[[ Data listing open ]]

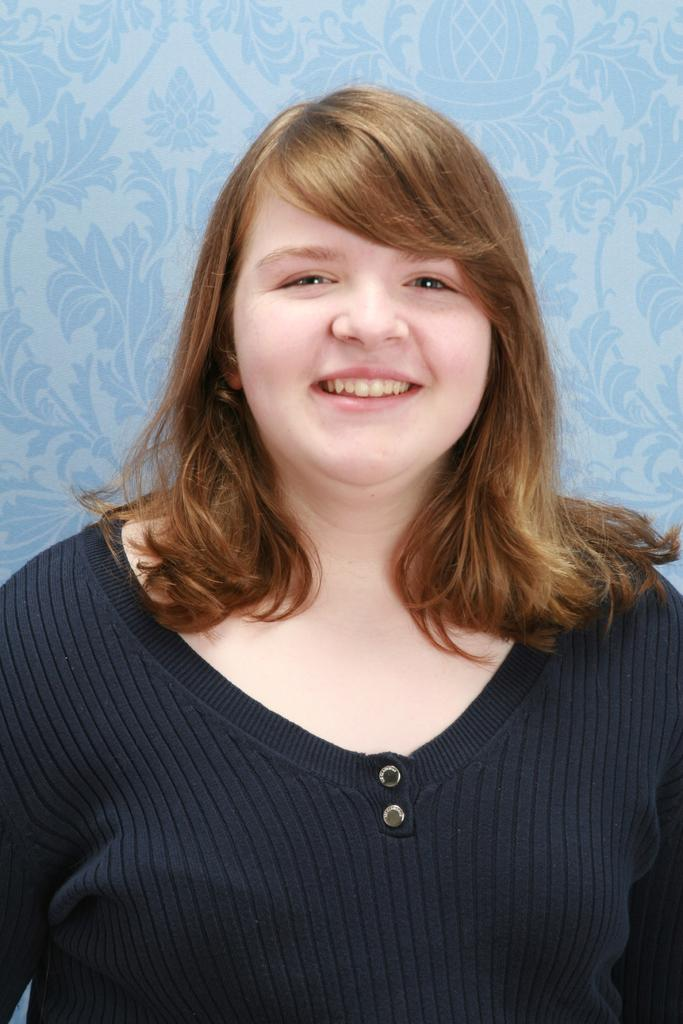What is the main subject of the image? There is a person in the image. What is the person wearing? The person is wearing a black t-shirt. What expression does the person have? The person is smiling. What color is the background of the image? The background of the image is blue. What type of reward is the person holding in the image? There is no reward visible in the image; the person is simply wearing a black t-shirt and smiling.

[[ Data listing closed ]]
[[ Data listing open ]]

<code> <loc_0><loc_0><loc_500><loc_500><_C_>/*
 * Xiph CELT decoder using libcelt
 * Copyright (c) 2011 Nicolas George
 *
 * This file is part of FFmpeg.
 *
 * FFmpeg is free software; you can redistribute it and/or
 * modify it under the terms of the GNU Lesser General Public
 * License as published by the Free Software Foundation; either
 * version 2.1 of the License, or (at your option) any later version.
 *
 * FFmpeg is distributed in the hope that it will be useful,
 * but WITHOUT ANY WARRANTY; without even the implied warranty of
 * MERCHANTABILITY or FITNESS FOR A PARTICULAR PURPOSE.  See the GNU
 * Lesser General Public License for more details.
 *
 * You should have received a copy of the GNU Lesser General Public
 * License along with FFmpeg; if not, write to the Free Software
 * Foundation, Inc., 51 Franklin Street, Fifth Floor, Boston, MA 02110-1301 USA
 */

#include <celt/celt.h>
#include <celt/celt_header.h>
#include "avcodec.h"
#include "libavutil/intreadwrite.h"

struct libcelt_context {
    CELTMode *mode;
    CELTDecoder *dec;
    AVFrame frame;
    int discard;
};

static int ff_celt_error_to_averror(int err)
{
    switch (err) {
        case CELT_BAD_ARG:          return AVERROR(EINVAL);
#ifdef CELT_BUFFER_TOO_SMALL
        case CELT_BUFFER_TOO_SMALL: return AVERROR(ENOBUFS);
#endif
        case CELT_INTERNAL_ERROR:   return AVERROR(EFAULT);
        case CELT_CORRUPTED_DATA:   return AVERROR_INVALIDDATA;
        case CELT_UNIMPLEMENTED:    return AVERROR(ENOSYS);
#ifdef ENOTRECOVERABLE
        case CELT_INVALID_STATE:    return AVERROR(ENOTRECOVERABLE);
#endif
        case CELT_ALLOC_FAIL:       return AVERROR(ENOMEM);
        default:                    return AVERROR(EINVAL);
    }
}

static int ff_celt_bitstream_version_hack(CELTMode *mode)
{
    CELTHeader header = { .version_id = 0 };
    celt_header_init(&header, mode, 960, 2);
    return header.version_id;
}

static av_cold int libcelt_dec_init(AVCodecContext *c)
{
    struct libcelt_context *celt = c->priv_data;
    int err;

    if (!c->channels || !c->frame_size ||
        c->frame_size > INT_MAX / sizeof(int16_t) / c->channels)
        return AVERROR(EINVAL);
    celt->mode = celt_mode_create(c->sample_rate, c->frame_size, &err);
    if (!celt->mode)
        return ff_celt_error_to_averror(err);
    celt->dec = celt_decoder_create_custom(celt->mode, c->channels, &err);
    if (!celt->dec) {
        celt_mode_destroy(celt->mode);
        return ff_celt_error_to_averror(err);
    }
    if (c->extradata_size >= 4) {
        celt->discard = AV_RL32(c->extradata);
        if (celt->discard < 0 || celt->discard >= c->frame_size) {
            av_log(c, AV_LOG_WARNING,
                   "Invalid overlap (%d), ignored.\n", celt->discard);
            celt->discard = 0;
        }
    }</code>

[[ Data listing closed ]]

## Directions for this task
How many lines in the listing above contain "include"? Answer with the number alone.

## Exercise response
4